Mechanical Properties of Fluids • Topic 3 of 3

Surface Tension

Why does a small water drop form a sphere, an insect walk on water, and a needle float if placed gently? All these are due to surface tension — the tendency of a liquid surface to behave like a stretched elastic membrane.

Surface tension ($T$) is the force per unit length acting along the surface of a liquid, perpendicular to an imaginary line drawn on the surface:

$T=\frac{F}{L}$, with SI unit $\text{N/m}$.
It arises because molecules at the surface have fewer neighbours than those inside, so they are pulled inward, making the surface contract to the smallest possible area. A sphere has the least surface area for a given volume, so free drops are spherical.

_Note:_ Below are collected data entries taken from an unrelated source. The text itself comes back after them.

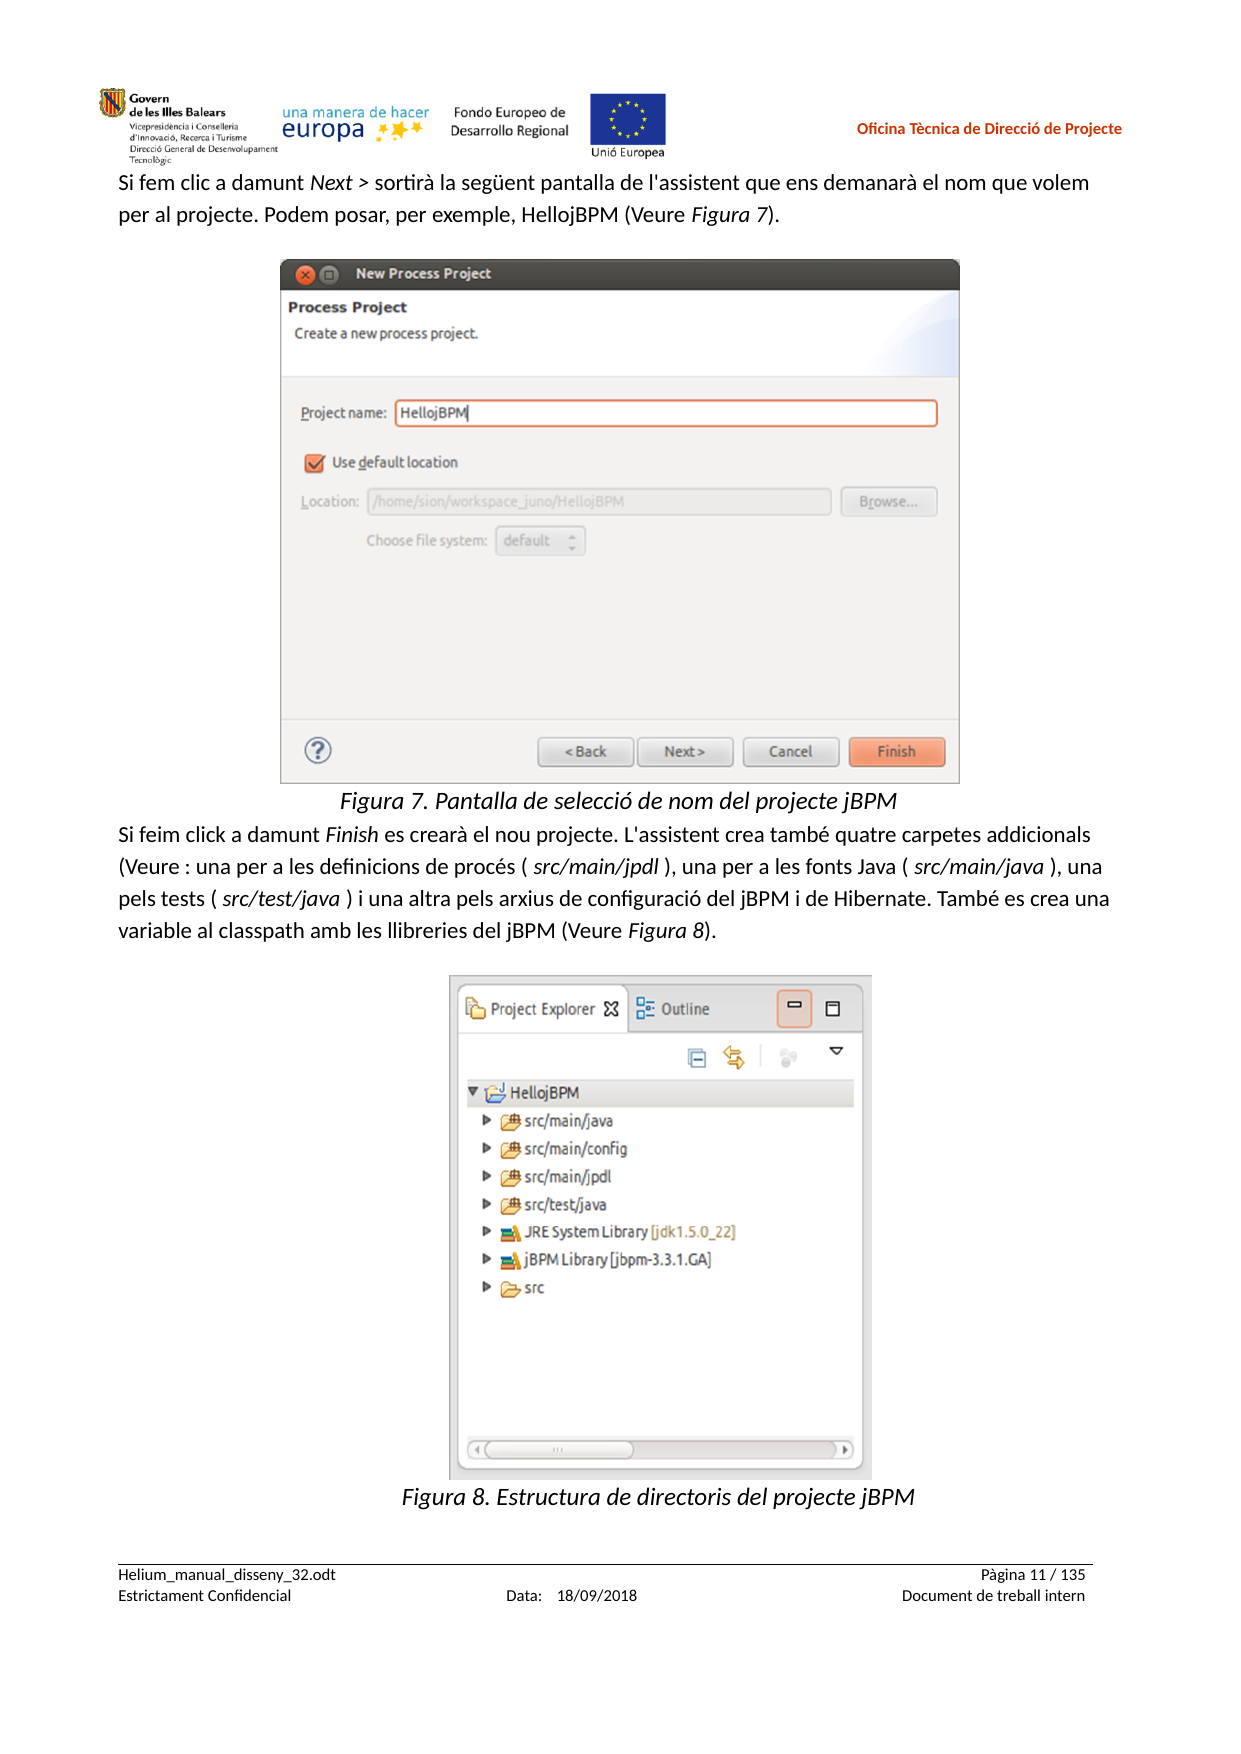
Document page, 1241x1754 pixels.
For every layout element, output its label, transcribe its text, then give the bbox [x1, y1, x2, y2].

text Figura 8. Estructura de directoris del projecte jBPM [364, 1481, 955, 1511]
picture [99, 87, 668, 166]
picture [278, 257, 962, 786]
text Si feim click a damunt Finish es crearà el nou projecte. L'assistent crea també quatre carpetes addicionals (Veure : una per a les definicions de procés ( src/main/jpdl ), una per a les fonts Java ( src/main/java ), una pels tests ( src/test/java ) i una altra pels arxius de configuració del jBPM i de Hibernate. També es crea una variable al classpath amb les llibreries del jBPM (Veure Figura 8). [118, 245, 1122, 944]
picture [447, 973, 873, 1481]
text Figura 7. Pantalla de selecció de nom del projecte jBPM [279, 786, 962, 816]
text Si fem clic a damunt Next > sortirà la següent pantalla de l'assistent que ens demanarà el nom que volem per al projecte. Podem posar, per exemple, HellojBPM (Veure Figura 7). [118, 168, 1122, 228]

Cohesion and adhesion. Cohesive forces act between molecules of the same substance (water–water); adhesive forces act between molecules of different substances (water–glass). Their relative strength decides whether a liquid wets a surface or beads up.

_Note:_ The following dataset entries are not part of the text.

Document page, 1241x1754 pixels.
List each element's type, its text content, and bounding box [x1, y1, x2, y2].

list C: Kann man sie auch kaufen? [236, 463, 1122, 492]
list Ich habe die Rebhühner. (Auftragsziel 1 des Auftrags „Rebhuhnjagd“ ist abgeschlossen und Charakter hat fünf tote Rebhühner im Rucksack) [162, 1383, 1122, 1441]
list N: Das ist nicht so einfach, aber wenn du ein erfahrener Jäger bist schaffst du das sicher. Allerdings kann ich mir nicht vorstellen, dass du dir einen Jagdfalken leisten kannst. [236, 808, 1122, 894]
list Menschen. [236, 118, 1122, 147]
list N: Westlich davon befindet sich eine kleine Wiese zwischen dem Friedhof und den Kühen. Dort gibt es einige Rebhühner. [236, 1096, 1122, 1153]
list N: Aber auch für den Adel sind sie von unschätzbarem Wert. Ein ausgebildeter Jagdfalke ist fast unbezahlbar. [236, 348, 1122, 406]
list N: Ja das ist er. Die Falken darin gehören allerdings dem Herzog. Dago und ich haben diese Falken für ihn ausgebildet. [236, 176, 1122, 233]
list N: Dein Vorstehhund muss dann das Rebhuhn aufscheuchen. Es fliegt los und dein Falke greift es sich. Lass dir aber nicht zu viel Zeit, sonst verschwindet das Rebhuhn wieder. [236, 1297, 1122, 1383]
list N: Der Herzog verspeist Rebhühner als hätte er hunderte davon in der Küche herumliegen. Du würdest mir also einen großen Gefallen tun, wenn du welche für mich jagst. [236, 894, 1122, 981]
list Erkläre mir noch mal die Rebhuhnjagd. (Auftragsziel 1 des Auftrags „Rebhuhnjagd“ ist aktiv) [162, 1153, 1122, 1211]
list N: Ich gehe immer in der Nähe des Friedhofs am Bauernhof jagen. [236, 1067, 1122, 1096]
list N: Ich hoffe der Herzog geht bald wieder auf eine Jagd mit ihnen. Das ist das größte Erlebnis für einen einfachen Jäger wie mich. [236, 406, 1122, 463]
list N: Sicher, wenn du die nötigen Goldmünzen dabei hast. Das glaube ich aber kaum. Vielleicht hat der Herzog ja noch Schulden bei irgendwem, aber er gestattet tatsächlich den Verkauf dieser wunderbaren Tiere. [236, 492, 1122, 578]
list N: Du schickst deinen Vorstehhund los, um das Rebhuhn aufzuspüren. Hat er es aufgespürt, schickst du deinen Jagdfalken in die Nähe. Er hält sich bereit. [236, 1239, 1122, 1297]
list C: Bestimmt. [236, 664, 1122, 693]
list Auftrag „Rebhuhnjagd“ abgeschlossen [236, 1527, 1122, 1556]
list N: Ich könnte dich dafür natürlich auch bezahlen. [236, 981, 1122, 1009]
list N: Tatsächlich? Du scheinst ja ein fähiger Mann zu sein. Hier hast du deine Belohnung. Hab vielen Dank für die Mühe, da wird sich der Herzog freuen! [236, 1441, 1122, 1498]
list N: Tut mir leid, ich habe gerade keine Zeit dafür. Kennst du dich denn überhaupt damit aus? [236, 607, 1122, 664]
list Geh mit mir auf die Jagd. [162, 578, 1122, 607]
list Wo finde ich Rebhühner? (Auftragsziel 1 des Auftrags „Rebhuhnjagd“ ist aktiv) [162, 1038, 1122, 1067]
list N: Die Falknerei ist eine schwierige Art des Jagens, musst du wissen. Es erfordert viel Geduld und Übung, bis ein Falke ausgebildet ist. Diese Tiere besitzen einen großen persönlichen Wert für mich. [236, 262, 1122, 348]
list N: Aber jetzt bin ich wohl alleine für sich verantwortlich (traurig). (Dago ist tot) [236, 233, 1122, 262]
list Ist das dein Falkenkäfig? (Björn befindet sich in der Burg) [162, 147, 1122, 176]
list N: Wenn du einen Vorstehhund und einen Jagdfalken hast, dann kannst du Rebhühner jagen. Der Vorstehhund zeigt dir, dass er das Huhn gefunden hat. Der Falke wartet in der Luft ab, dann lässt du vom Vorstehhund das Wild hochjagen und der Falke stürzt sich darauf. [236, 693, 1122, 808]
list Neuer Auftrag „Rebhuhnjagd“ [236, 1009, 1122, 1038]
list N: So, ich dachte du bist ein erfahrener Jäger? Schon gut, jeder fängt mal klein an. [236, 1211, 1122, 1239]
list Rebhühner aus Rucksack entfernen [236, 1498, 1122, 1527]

Surface energy. Increasing the surface area of a liquid requires work against surface tension. The surface energy stored is the work done per unit increase of area, and numerically the surface energy per unit area equals the surface tension $T$. So $T$ can be defined either as force per unit length or as energy per unit area ($\text{J/m}^2=\text{N/m}$).

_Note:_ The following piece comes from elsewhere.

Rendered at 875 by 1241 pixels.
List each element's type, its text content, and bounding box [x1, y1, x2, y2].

Angle of contact ($\theta$). The angle between the tangent to the liquid surface and the solid surface, measured inside the liquid, is the angle of contact. For water on clean glass $\theta$ is small (acute) — water wets glass and its meniscus is concave. For mercury on glass $\theta$ is obtuse — mercury does not wet glass and its meniscus is convex.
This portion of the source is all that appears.